#### Records for this exercise:
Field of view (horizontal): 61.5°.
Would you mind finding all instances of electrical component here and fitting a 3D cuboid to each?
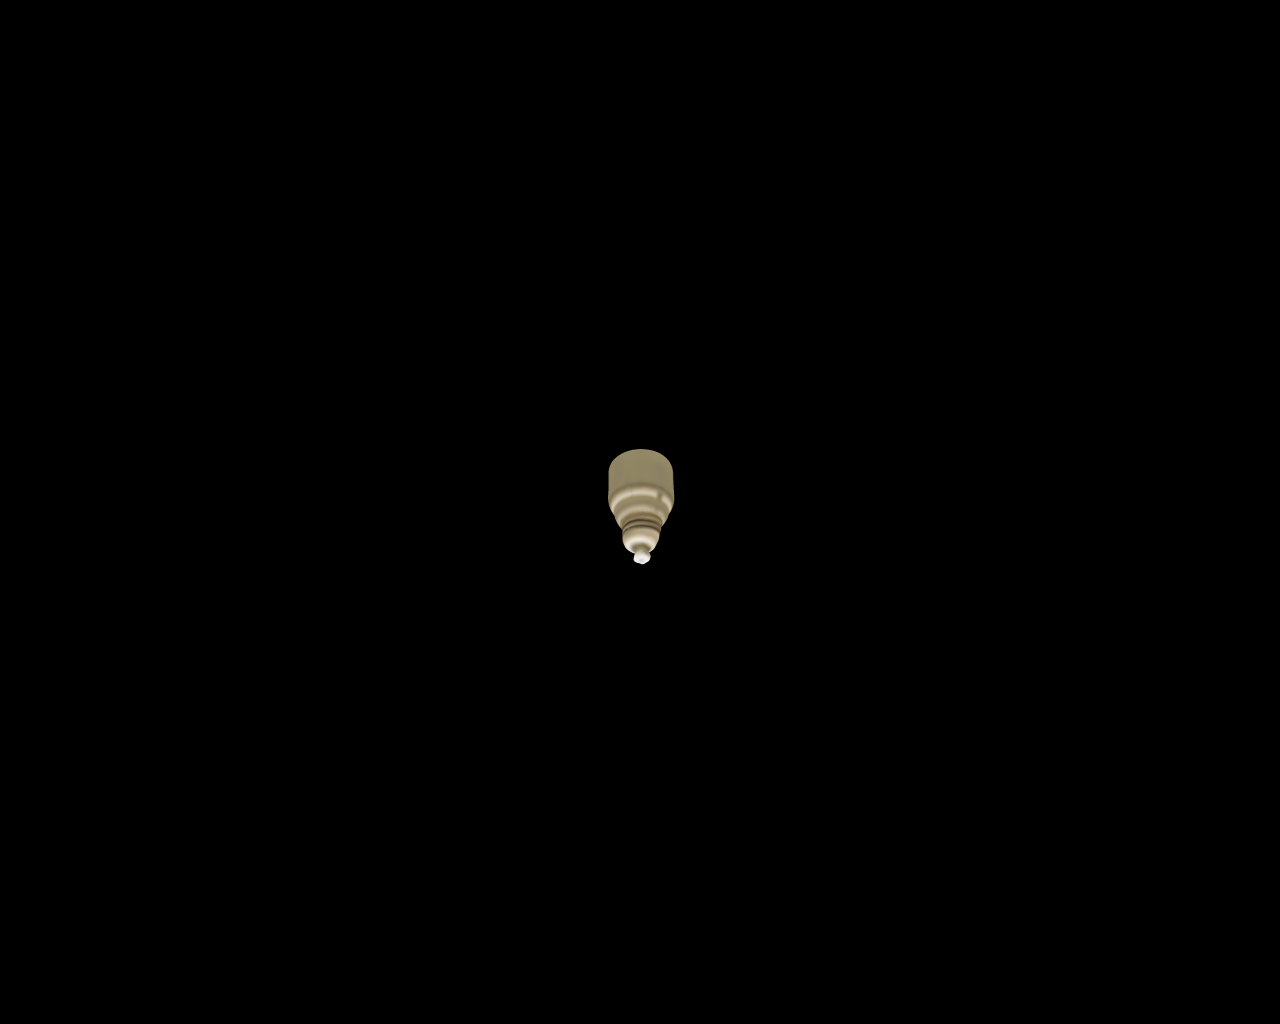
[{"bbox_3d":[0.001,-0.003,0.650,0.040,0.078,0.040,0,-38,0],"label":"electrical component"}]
* * *
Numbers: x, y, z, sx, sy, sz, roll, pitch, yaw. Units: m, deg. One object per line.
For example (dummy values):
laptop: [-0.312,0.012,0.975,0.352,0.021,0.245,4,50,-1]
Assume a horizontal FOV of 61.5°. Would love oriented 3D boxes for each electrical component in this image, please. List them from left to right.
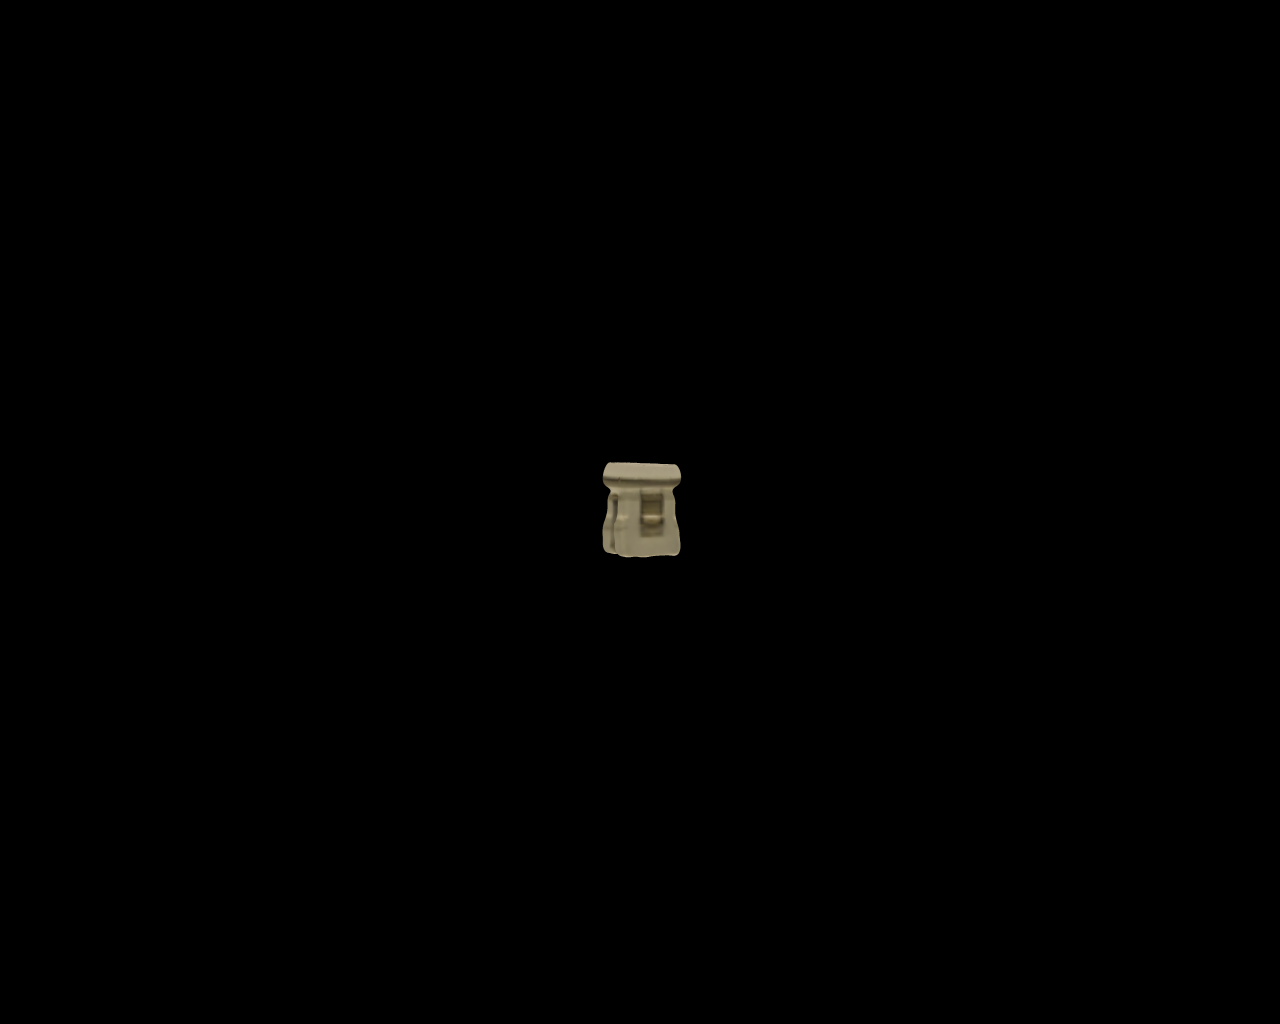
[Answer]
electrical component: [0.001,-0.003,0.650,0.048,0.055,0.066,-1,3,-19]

#### Description of the task:
Work out how many lines of the data include the word "horizontal", and write that number alone.

#### Solution:
2